Пари держу, что нет! Ты умеешь все только грустное!
— Вот что, — сказала Тереза, вставая, — уедем завтра, а там будь что будет. Ты здесь с ума сойдешь. Быть может, в другом месте будет еще хуже, но я выполню свою задачу до конца.
При этих словах Лоран вспылил. Так, значит, она взяла на себя какую-то задачу? Она холодно выполняла долг? Быть может, она принесла обет Пресвятой Деве и посвятила ей своего любовника? Не хватало только, чтобы она стала набожной!
Лоран взял шляпу со свойственным ему видом величайшего презрения, как будто собирался навсегда порвать с Терезой. Он вышел, не сказав, куда идет. Было уже десять часов вечера. Тереза провела ночь в ужасной тревоге. Он вернулся на рассвете и заперся в своей комнате, с треском захлопнув дверь. Она не посмела показаться, боясь рассердить его, и бесшумно ушла к себе. Впервые они заснули, не помирившись и не сказав друг другу слов любви.
На следующий день, вместо того чтобы идти во дворец и продолжать свою работу, она сложила вещи и приготовила все к отъезду. Лоран проснулся в три часа пополудни и, смеясь, спросил ее, что она затеяла.

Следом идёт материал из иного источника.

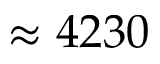Convert formula to latex. <formula><loc_0><loc_0><loc_500><loc_500>\approx 4 2 3 0</formula> 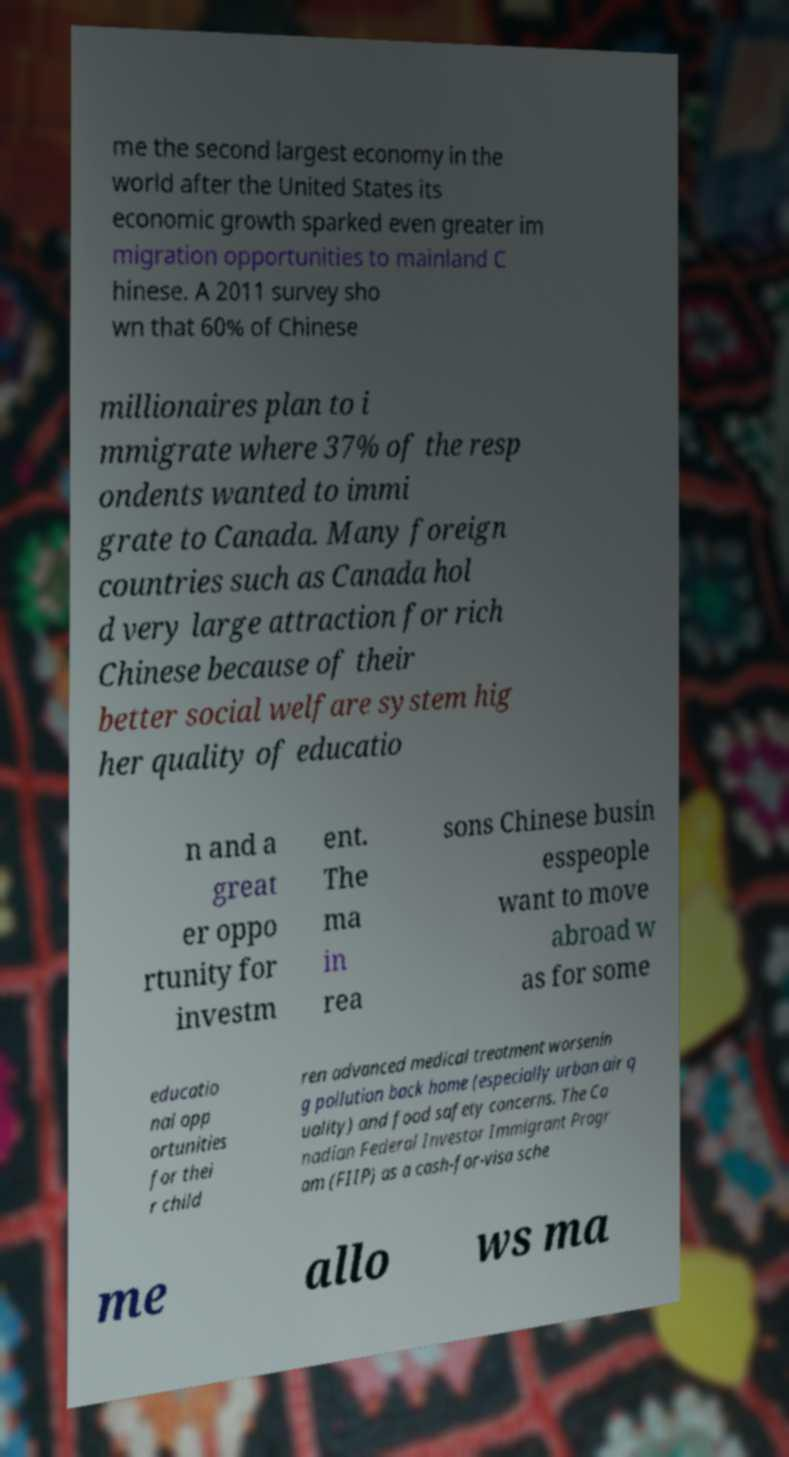Could you assist in decoding the text presented in this image and type it out clearly? me the second largest economy in the world after the United States its economic growth sparked even greater im migration opportunities to mainland C hinese. A 2011 survey sho wn that 60% of Chinese millionaires plan to i mmigrate where 37% of the resp ondents wanted to immi grate to Canada. Many foreign countries such as Canada hol d very large attraction for rich Chinese because of their better social welfare system hig her quality of educatio n and a great er oppo rtunity for investm ent. The ma in rea sons Chinese busin esspeople want to move abroad w as for some educatio nal opp ortunities for thei r child ren advanced medical treatment worsenin g pollution back home (especially urban air q uality) and food safety concerns. The Ca nadian Federal Investor Immigrant Progr am (FIIP) as a cash-for-visa sche me allo ws ma

Он сказал, что пришел в себя, образумился. Всю ночь он гулял один по берегу моря; он размышлял, он успокоился.
— Это огромное ворчливое море, которое твердит все одно и то же, вывело меня из терпения, — весело сказал он. — Сначала я сочинял стихи. Я сравнивал себя с морем. Мне хотелось броситься в его прекрасное зеленоватое лоно!.. А потом я решил, что волна однообразна и смешна со своими вечными жалобами на то, что на берегу есть скалы. Если у нее нет сил разрушить их, пусть молчит! Пусть берет пример с меня — я не хочу больше жаловаться! С сегодняшнего утра я пай-мальчик, я решил работать, я остаюсь в Генуе. Я тщательно побрился, поцелуй меня, Тереза, и не будем вспоминать о глупом вчерашнем вечере. И главное — развяжи эти пакеты, убери чемоданы, быстрей, чтобы я больше их не видел! Они как будто упрекают меня, а я этого уже не заслуживаю.
Как быстро он нашел себе оправдание! Как далеки были те времена, когда ему достаточно было одного встревоженного взгляда Терезы, чтобы упасть перед ней на колени! А ведь прошло не более трех месяцев.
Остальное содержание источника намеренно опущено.